Strategies for the production of difficult-to-express full-length eukaryotic proteins using microbial cell factories: production of human alpha-galactosidase A

  • Autori: Unzueta, Ugutz; Vázquez, Felicitas; Accardi, Giulia; Mendoza, Rosa; Toledo-Rubio, Verónica; Giuliani, Maria; Sannino, Filomena; Parrilli, Ermenegilda; Abasolo, Ibane; Schwartz, Simo; Tutino, Maria L.; Villaverde, Antonio; Corchero, José L.; Ferrer-Miralles, Neus
  • Anno di pubblicazione: 2015
  • Tipologia: Articolo in rivista (Articolo in rivista)
  • Parole Chiave: Escherichia coli; Expression systems; Fabry’s disease; Human alpha-galactosidase A; Pseudoalteromonas haloplanktis TAC125; Recombinant protein; Biotechnology; Enzyme Stability; Escherichia coli; Humans; Metabolic Engineering; Pseudoalteromonas; Recombinant Proteins; alpha-Galactosidase; Biotechnology; Applied Microbiology and Biotechnology
  • OA Link: http://hdl.handle.net/10447/295073

Abstract

Obtaining high levels of pure proteins remains the main bottleneck of many scientific and biotechnological studies. Among all the available recombinant expression systems, Escherichia coli facilitates gene expression by its relative simplicity, inexpensive and fast cultivation, well-known genetics and the large number of tools available for its biotechnological application.
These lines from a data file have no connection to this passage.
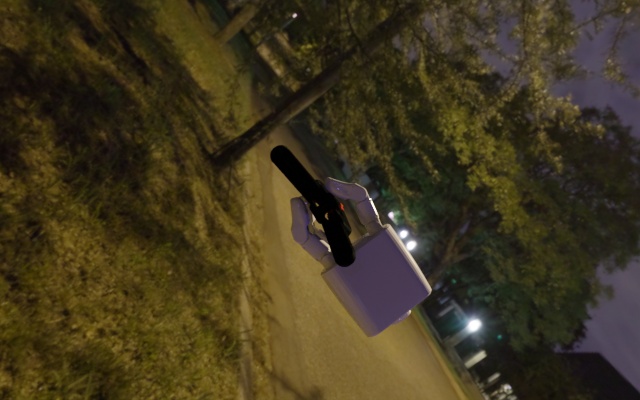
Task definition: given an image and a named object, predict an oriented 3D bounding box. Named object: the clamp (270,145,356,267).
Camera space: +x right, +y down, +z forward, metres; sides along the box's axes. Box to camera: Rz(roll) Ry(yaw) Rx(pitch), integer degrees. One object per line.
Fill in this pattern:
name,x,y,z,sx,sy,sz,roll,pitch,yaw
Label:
clamp,0.001,0.002,0.642,0.036,0.164,0.210,-33,-2,7
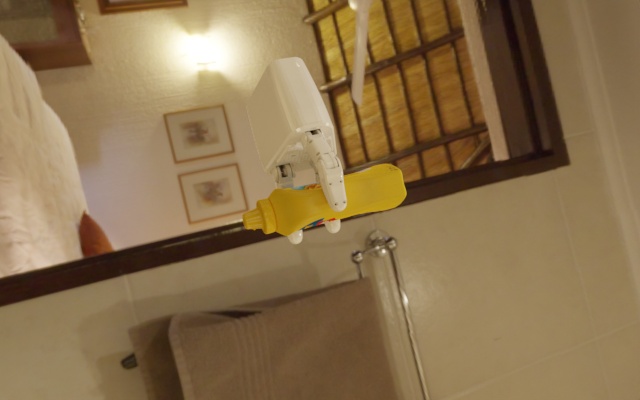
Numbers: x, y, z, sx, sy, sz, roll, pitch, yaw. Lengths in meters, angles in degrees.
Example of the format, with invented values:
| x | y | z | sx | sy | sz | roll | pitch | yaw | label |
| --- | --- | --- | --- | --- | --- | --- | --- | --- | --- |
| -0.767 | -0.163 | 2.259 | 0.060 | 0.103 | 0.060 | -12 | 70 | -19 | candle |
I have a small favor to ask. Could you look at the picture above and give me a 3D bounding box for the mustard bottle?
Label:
| x | y | z | sx | sy | sz | roll | pitch | yaw | label |
| --- | --- | --- | --- | --- | --- | --- | --- | --- | --- |
| 0.000 | 0.002 | 0.580 | 0.191 | 0.058 | 0.096 | -14 | 3 | -18 | mustard bottle |
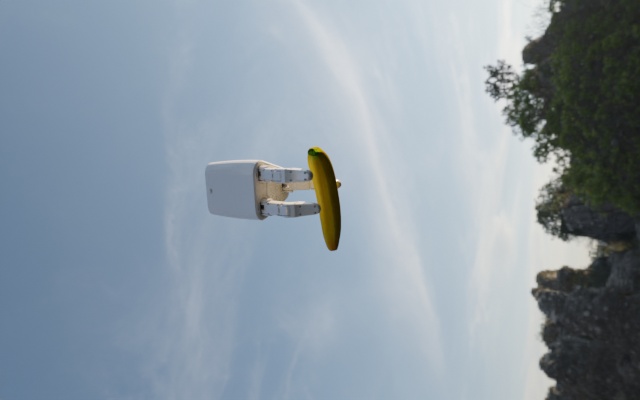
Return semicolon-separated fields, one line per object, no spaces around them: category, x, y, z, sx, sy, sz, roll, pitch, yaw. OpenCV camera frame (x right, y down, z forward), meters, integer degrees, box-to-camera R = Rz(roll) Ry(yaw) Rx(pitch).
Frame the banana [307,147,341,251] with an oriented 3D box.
banana;0.005;-0.011;0.774;0.037;0.198;0.069;1;36;22

However, recombinant expression in E. coli is not always a straightforward procedure and major obstacles are encountered when producing many eukaryotic proteins and especially membrane proteins, linked to missing posttranslational modifications, proteolysis and aggregation. In this context, many conventional and unconventional eukaryotic hosts are under exploration and development, but in some cases linked to complex culture media or processes. In this context, alternative bacterial systems able to overcome some of the limitations posed by E. coli keeping the simplicity of prokaryotic manipulation are currently emerging as convenient hosts for protein production. We have comparatively produced a “difficult-to-express” human protein, the lysosomal enzyme alpha-galactosidase A (hGLA) in E. coli and in the psychrophilic bacterium Pseudoalteromonas haloplanktis TAC125 cells (P. haloplanktis TAC125). While in E. coli the production of active hGLA was unreachable due to proteolytic instability and/or protein misfolding, the expression of hGLA gene in P. haloplanktis TAC125 allows obtaining active enzyme. These results are discussed in the context of emerging bacterial systems for protein production that represent appealing alternatives to the regular use of E. coli and also of more complex eukaryotic systems.